Marxist campus organization

The Platypus Affiliated Society (alternatively Platypus or PAS) is an international educational organization focused on left-wing and Marxist history and thought. Platypus organizes reading groups, forums, and research and journalism, focused on the inherited problems of what it terms the Old, New, and post-political left. It was founded by Chris Cutrone and his students at the School of the Art Institute of Chicago in 2006, and describes itself as "hosting the conversation on the left" to "dissolve ideological obstacles to the reestablishment of socialism." As of 2025 it reports around 50 chapters, principally in North America, Europe, and Oceania and usually based on university campuses.

== Theory ==

=== The "Platypus Synthesis" ===

Dr. Shtefan Alexander has characterized Platypus's ideological approach to Marxism as a "via negativa," challenging the left with what it lacks or has abandoned and raising the history of Marxism as "a question to our contemporary society about the possibility of radically transforming our social relations."

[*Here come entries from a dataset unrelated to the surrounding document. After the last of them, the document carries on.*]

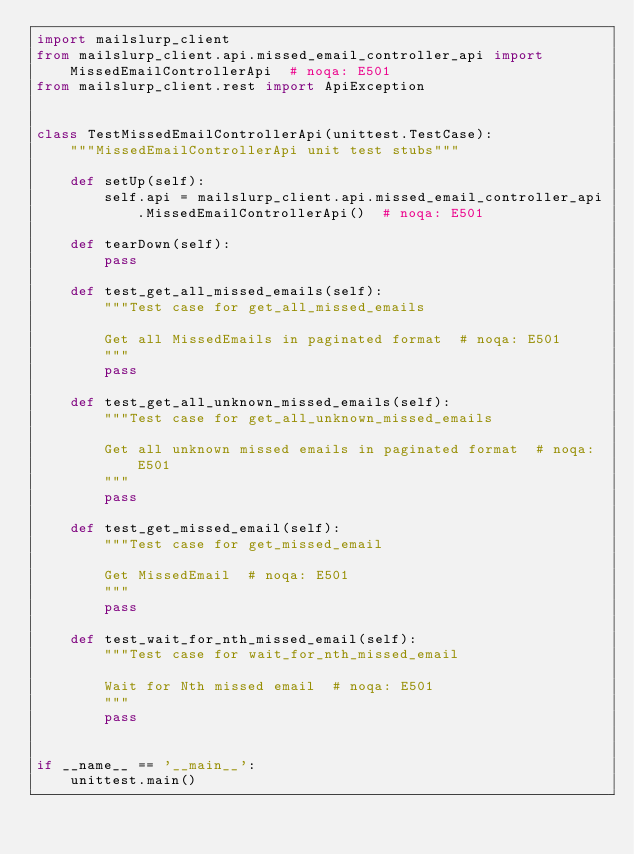Convert code to text. <code><loc_0><loc_0><loc_500><loc_500><_Python_>import mailslurp_client
from mailslurp_client.api.missed_email_controller_api import MissedEmailControllerApi  # noqa: E501
from mailslurp_client.rest import ApiException


class TestMissedEmailControllerApi(unittest.TestCase):
    """MissedEmailControllerApi unit test stubs"""

    def setUp(self):
        self.api = mailslurp_client.api.missed_email_controller_api.MissedEmailControllerApi()  # noqa: E501

    def tearDown(self):
        pass

    def test_get_all_missed_emails(self):
        """Test case for get_all_missed_emails

        Get all MissedEmails in paginated format  # noqa: E501
        """
        pass

    def test_get_all_unknown_missed_emails(self):
        """Test case for get_all_unknown_missed_emails

        Get all unknown missed emails in paginated format  # noqa: E501
        """
        pass

    def test_get_missed_email(self):
        """Test case for get_missed_email

        Get MissedEmail  # noqa: E501
        """
        pass

    def test_wait_for_nth_missed_email(self):
        """Test case for wait_for_nth_missed_email

        Wait for Nth missed email  # noqa: E501
        """
        pass


if __name__ == '__main__':
    unittest.main()
</code>

In reading groups organized by PAS, Marx is considered as an interlocutor with "radical bourgeois philosophy," especially thinkers such as Jean-Jacques Rousseau, Adam Smith, Immanuel Kant, and Georg Wilhelm Friedrich Hegel. Marx and Marxism are understood as a dialectical continuation of this Enlightenment tradition, critiquing the way it becomes self-contradictory in industrial capitalism. To engage with the history of Marxist politics, Platypus reads texts from the radical Marxists of the Second International—namely Vladimir Lenin, Rosa Luxemburg, and Leon Trotsky—as representing a high point of Marxism's emancipatory potential. In the wake of the Russian Revolution, the historiography and political claims of the Second International are considered in light of Karl Korsch's Marxism and Philosophy (1923) and György Lukács's History and Class Consciousness (1923), both foundational texts for the critical theory of the Frankfurt School which was founded soon after.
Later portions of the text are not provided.